Niente di ciò che abbiamo, sia esso amore, denaro, amicizia o beni fisici, arriva senza aver formato una relazione con gli altri. Non siamo individui separati; facciamo parte di una società connessa, e ancor di più negli ultimi due decenni di sviluppo tecnologico.
Piuttosto che ignorare che facciamo parte di un tutto più grande, dipendente su e dipendeva dovremmo riconoscere, riflettere e accogliere l’opportunità di dare e ricevere dagli altri riducendo al tempo stesso il danno che causiamo.
Applicando le pratiche terapeutiche Naikan alle nostre relazioni con gli altri, possiamo creare una connessione più preziosa e autentica con coloro che ci circondano e con il nostro ambiente. Dopotutto, è sempre più probabile che una vita di equilibrio e gratitudine conduca alla felicità e a un maggiore senso di benessere per noi stessi e per gli altri.
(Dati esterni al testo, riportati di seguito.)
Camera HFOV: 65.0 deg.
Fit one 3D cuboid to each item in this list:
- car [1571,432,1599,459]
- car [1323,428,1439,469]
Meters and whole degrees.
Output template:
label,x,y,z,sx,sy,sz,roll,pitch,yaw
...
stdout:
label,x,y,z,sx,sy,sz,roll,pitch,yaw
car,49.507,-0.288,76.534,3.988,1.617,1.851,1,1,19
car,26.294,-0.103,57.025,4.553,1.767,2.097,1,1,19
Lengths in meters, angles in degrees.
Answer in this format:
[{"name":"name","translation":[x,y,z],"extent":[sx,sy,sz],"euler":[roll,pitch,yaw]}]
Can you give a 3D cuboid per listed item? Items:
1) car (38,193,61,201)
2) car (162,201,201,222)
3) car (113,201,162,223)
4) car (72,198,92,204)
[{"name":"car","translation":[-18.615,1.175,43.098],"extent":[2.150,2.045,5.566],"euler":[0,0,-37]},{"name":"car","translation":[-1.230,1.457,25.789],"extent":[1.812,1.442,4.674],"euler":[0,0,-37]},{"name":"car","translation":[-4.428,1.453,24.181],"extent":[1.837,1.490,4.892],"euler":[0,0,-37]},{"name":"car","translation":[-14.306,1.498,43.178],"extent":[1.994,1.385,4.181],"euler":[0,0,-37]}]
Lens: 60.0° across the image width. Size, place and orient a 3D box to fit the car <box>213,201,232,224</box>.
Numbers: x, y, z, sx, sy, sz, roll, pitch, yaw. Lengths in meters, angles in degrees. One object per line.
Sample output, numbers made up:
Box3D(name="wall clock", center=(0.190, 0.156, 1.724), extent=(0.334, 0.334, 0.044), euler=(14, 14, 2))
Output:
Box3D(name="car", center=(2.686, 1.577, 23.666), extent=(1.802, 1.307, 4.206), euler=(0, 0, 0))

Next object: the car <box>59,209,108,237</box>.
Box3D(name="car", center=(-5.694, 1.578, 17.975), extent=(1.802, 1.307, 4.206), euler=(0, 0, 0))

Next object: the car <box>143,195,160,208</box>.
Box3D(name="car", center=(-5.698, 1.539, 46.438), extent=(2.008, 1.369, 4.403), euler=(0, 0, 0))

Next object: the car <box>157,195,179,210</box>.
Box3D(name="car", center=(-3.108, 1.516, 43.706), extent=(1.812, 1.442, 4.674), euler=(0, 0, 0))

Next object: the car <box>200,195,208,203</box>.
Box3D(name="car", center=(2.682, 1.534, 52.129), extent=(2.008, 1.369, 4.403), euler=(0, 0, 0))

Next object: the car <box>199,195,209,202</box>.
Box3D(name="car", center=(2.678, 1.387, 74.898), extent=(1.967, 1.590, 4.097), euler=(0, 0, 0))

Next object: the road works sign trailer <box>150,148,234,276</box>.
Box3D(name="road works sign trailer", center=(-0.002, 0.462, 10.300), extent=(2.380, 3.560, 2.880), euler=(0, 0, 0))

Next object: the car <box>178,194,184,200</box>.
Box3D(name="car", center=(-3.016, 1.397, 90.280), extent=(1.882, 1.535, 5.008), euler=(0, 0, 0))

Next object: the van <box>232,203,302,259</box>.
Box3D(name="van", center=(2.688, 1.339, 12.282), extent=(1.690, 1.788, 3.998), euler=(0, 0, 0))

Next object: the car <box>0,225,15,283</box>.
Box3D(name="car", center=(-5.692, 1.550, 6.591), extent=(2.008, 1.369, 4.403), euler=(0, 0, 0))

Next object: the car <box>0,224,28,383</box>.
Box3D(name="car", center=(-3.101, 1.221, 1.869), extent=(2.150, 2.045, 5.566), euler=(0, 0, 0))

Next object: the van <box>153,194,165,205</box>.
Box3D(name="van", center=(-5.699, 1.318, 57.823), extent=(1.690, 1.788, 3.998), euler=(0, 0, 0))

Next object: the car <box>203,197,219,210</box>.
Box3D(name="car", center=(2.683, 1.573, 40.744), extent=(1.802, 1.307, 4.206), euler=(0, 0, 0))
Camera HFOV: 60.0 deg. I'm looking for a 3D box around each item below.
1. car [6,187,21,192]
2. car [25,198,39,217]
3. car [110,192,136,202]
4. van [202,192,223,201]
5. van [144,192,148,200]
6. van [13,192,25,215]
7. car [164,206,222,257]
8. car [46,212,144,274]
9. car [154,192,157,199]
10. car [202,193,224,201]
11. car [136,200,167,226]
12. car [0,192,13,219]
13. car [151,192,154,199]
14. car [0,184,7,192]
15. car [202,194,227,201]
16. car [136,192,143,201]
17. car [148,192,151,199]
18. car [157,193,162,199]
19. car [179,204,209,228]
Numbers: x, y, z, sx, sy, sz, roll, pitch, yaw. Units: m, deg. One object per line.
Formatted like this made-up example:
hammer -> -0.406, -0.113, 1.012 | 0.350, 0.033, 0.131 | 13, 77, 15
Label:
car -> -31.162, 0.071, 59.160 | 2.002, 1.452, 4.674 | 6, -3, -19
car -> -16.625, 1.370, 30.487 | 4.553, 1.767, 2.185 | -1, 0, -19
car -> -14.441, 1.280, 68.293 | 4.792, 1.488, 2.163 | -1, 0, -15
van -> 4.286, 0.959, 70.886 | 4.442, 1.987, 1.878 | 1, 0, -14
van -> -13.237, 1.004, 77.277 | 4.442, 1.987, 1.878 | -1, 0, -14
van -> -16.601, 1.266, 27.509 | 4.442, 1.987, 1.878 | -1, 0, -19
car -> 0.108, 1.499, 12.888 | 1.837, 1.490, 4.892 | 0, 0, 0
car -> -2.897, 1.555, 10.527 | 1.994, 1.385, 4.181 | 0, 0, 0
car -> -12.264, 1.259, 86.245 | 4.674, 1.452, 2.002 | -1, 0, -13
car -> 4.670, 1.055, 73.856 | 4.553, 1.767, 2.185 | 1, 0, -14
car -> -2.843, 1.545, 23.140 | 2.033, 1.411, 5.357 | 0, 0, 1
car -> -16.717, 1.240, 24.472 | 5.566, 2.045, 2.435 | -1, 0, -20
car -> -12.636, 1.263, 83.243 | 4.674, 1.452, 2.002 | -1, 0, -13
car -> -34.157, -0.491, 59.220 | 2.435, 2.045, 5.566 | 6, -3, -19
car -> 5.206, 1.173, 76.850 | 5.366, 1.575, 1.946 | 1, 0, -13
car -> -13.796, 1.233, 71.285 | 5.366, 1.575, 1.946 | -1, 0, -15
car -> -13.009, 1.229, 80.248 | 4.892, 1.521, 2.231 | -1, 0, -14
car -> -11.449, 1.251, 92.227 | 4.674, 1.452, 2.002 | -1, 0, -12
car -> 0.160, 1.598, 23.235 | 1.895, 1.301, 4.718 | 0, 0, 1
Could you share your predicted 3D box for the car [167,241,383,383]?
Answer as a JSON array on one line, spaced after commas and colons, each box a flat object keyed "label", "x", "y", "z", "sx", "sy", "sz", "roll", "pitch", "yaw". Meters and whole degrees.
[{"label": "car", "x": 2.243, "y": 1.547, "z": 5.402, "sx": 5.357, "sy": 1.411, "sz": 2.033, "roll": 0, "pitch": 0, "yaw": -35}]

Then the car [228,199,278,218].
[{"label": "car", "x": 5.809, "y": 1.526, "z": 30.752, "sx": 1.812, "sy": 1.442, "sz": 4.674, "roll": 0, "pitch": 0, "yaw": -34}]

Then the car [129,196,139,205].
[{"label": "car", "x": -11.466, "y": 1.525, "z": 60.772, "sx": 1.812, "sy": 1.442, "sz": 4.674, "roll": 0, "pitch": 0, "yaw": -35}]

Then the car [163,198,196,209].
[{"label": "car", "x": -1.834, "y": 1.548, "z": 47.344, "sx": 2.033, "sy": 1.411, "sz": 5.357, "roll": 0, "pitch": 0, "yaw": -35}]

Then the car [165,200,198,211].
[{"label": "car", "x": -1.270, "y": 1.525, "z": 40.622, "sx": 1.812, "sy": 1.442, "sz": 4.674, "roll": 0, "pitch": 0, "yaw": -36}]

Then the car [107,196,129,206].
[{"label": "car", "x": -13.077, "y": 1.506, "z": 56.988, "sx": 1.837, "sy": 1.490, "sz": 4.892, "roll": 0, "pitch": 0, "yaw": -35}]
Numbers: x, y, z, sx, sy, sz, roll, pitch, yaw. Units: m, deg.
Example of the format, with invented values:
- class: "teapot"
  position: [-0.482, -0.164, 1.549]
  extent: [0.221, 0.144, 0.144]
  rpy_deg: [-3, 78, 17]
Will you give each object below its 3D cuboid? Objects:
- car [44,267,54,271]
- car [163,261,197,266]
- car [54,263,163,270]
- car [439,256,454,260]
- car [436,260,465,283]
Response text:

La sola conoscenza dei principi non è sufficiente per trasformare. Utilizza gli strumenti forniti per praticare la terapia Naikan emotivamente e intellettualmente e continua a riflettere sulla tua prospettiva in evoluzione e sul tuo posto nel mondo.
Ci auguriamo che ti sia piaciuto leggere questo articolo. Non dimenticare di uporabnapsihologija.com.